The Enigmatic Poetry of W.G. Sebald
In the July issue of The New Republic, Ruth Franklin turns a critical eye towards W.G. Sebald’s poetry. After paying her respects to the German writer’s works of fiction, Franklin takes a close look at the historical references buried thickly beneath the surface of Sebald’s poems.
…The outwardly bucolic surfaces of the German countryside, where many of these poems take place, conceal darkness below. A haunting early poem, “Time Signal at Twelve,” dedicated to Lejzer Ajchenrand— a Jewish poet from Poland who lost his mother and sister to the Nazis, and was himself interned under the Vichy regime and then in Switzerland—invokes a “monk from Melk” who “sleeps in his quiet grave,” with snow falling upon his house. According to a note by Iain Galbraith, the volume’s translator, the Austrian town of Melk, site of a Benedictine abbey, housed a subcamp of Mauthausen. Similarly, “Somewhere / behind Türkenfeld,” a small town in southern Germany near Sebald’s native village, there is “a spruce nursery / a pond in the / moor on which / the March ice / is slowly melting.” The Nazis built a subcamp of Dachau behind Türkenfeld; the trains to the camp passed through the station. The ice melts slowly indeed to reveal this history.
However, Franklin notices that Sebald has no objections to altering his historical or literary allusions to suit his own purposes. Unpacking his poems can be as daunting as facing The Wasteland sans footnotes. Sometimes, the source for his references is impossible to discern. While Sebald’s fiction can withstand these quirks, Franklin argues that his poetry suffers under such pressures.
Sebald’s Prose is as closely anchored to background Urtexte as the poems. But the prose, at all but its weakest moments, sustains its own narrative momentum atop this foundational layer.
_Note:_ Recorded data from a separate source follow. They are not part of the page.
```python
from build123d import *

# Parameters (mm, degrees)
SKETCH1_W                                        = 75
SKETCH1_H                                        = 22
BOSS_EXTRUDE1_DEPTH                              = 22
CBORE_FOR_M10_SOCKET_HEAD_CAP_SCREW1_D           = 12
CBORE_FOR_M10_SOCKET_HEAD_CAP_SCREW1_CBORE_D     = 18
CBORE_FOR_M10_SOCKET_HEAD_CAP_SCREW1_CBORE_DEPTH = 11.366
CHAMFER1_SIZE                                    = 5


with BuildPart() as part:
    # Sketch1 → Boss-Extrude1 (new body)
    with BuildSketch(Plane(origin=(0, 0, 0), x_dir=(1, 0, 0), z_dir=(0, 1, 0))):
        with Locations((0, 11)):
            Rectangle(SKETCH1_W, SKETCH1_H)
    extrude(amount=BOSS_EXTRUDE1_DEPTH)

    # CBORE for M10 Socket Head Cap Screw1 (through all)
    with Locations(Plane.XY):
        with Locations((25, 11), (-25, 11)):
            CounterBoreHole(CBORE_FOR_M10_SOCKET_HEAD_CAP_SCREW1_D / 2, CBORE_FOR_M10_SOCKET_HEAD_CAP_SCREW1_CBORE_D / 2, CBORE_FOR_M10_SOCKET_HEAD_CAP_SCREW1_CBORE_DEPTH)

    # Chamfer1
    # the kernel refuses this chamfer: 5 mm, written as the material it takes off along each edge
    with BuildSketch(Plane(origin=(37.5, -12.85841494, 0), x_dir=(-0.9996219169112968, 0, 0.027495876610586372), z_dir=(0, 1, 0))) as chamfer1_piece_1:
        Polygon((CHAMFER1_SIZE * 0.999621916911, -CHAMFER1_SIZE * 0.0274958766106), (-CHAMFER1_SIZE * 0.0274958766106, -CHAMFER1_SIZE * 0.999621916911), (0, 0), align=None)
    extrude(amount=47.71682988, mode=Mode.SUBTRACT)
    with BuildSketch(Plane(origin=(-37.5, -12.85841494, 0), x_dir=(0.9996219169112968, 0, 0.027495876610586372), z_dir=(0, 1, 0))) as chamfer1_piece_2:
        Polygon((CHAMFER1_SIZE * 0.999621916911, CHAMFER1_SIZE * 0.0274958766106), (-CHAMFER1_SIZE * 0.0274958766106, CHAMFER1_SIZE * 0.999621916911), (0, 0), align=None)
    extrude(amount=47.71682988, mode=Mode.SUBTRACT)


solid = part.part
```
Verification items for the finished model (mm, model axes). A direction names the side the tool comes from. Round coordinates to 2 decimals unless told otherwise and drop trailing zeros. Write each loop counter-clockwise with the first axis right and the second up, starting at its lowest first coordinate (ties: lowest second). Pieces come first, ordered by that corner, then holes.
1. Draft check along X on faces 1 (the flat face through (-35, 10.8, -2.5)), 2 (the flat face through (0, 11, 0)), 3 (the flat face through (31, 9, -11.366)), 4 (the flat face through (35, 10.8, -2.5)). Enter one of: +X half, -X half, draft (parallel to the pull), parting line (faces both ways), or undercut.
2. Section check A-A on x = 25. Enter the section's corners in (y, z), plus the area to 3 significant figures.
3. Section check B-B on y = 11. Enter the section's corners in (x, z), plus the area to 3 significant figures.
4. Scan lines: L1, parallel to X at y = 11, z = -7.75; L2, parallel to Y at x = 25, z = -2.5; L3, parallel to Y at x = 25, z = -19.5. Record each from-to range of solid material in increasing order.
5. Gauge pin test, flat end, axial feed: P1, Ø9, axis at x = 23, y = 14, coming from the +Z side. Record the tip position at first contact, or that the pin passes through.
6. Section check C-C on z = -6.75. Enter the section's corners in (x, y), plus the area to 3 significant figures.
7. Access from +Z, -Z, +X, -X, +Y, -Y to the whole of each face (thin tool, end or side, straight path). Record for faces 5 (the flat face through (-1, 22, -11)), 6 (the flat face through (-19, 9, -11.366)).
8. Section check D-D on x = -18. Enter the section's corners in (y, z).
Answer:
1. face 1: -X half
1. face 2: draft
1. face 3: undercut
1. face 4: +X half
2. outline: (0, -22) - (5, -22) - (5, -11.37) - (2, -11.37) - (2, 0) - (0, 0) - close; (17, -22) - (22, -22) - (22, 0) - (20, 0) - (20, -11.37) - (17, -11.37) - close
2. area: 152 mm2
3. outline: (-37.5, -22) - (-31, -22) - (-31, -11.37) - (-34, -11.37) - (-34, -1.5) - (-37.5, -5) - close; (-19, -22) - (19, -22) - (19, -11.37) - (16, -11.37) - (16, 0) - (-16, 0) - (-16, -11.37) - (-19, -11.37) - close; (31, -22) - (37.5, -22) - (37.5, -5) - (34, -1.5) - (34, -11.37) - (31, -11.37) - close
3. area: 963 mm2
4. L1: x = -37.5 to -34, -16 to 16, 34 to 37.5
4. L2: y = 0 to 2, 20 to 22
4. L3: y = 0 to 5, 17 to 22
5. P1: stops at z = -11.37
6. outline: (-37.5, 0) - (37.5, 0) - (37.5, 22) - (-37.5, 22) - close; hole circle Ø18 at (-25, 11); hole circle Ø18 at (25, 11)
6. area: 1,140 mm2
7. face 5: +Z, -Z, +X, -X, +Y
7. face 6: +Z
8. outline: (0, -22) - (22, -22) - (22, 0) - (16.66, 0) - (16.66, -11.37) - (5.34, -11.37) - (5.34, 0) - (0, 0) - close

The poetry, by contrast, manages this only rarely, which is why it proves to be much less suited for Sebald’s literary project. Too often Sebald comes across as essentially an aggregator, who piles up links and references without probing them for meaning. The connections drawn by the language and the imagery are meant to provide that meaning on their own. Sometimes they do; but not always.